Продолжая ворчать на непутевого мужа, она достала из чулана большую картонную коробку, постелила туда чего-то, поставила блюдце с водой. Коробку пристроила в теплый угол на кухне…
Наверное, когда-то давно она ждала от жизни другого. Возможно, она и до сих пор ждала этого другого, но уже как-то отстраненно, теоретически. Но она была слишком верной женой, и это, конечно же, лишало ее мечты о переменах в жизни всякой реальной основы. Да и он был слишком верным мужем, чтобы освободить ее от себя.
Они были одногодками и поженились в девятнадцать лет. В сущности, она с самого начала реалистически смотрела на вещи и думала про жениха так: «В двадцать лет ума нет – и не будет». Действительно, прошел год, а ума у мужа не прибавилось. Она стала думать: «В сорок лет денег нет– и не будет», зная уже твердо, что и это сбудется, но, слава богу, еще не скоро.
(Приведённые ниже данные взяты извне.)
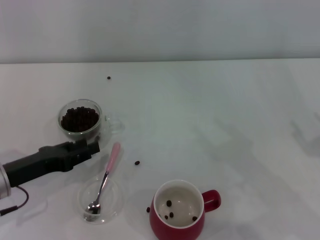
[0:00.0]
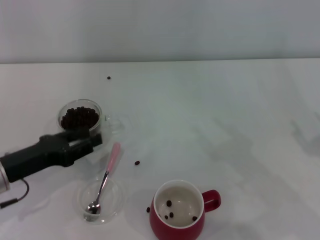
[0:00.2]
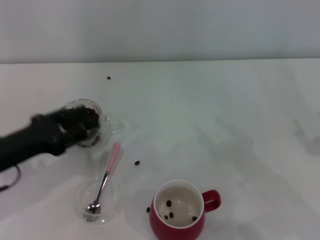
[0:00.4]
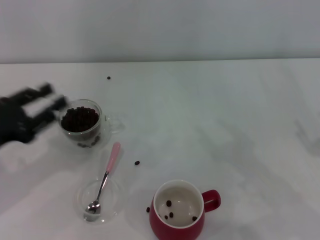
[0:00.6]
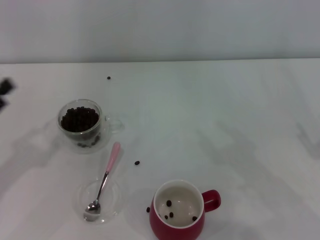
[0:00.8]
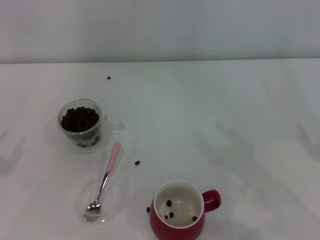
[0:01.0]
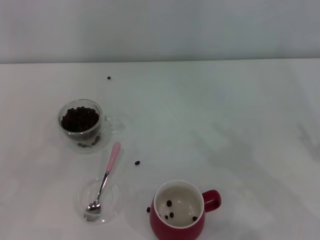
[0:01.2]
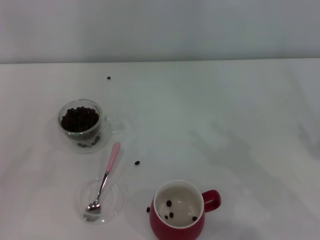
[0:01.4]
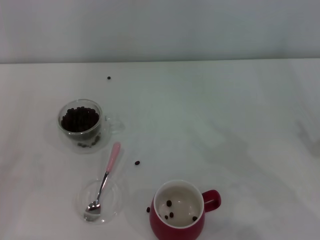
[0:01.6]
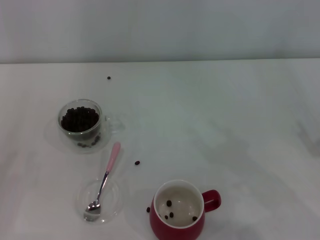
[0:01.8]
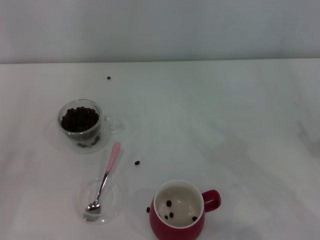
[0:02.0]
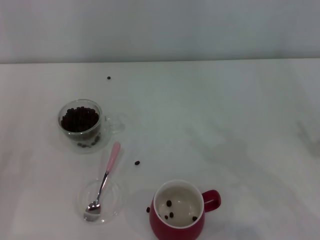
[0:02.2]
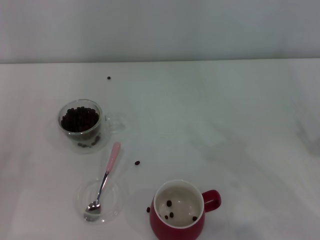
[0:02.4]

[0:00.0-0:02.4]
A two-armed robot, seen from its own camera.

Ей и надо-то было не так уж много. Она хотела, чтобы с годами, как и положено, у них в доме рос достаток. Так и муж был не против. А достаток не рос. Ну, что тут будешь делать… Муж еще подростком окончил техническое училище, выучился на сантехника и, как устроился однажды на работу в одну жилконтору, так и проработал там всю жизнь. Он не пил и не брал подачек от благодарных жильцов, и его трудовая книжка была полна всяких поощрений. Зато другая популярная книжка начисто отсутствовала.
У них росли дети, родители влезали в долги, чтобы у детей все было, семья ждала получек, как праздников, вот и выходит, что праздников все-таки у них было много.
До сорока лет оставалось совсем мало времени.
Вырастали незаметно дети. Бывшие друзья выходили в начальники, строили дачи, ездили отдыхать во всякие экзотические места, в том числе и за рубеж. А многие, даже и в начальники не выходя, имели такие же, а то и большие удовольствия. Временами жена говорила как бы между прочим: «А такой-то проработал два года на Севере и купил „Жигули“. А другой потрудился тот же срок в какой-то стране и теперь вообще ездит на черной „Волге“. Муж слушал молча и думал, что тоже не прочь на чем-нибудь ездить, но его никуда на большие заработки не зовут: то ли в чужих странах своих сантехников как нерезаных собак, то ли на Севере туалеты сплошь неблагоустроенные. Он думал так, а сам сроду палец о палец не ударил для того, чтобы где-нибудь чего-нибудь подхалтурить. И не потому, что ему было лень работать, а потому что было как-то стыдно и неловко суетиться, чтобы правдами-неправдами зашибить деньгу. Часто ему было по-детски неведомо, откуда вообще у людей, особой ценности для общества не представляющих, берется повышенное благосостояние. Может, от бережливости?
Он жил как нравилось. В свободное время читал книги, ходил в кино, любил посидеть с удочкой у речки, побродить по лесам с корзинкой. Он и детей и жену приохотил к этим недоходным занятиям. Он постоянно притаскивал домой всякую попавшую в беду лесную живность, лечить и выхаживать которую приходилось обычно жене. В их доме квартировали и зайцы, и ежи, и голуби, и даже одна гадюка.
Он тратил деньги на всякую ерунду, покупал разные рыболовные штучки, легко давал знакомым мужикам на бутылку, а они часто забывали возвращать долг.
Он с детства и до конца жизни писал стихи, которые так ни разу и не увидали свет. Вот такие, например:
А я без ружья мою жизнь проживу,
я проживу мою жизнь без сберкнижки…
Конечно, даже его собственный язык буксовал, произнося эти строки, но что-то в них было.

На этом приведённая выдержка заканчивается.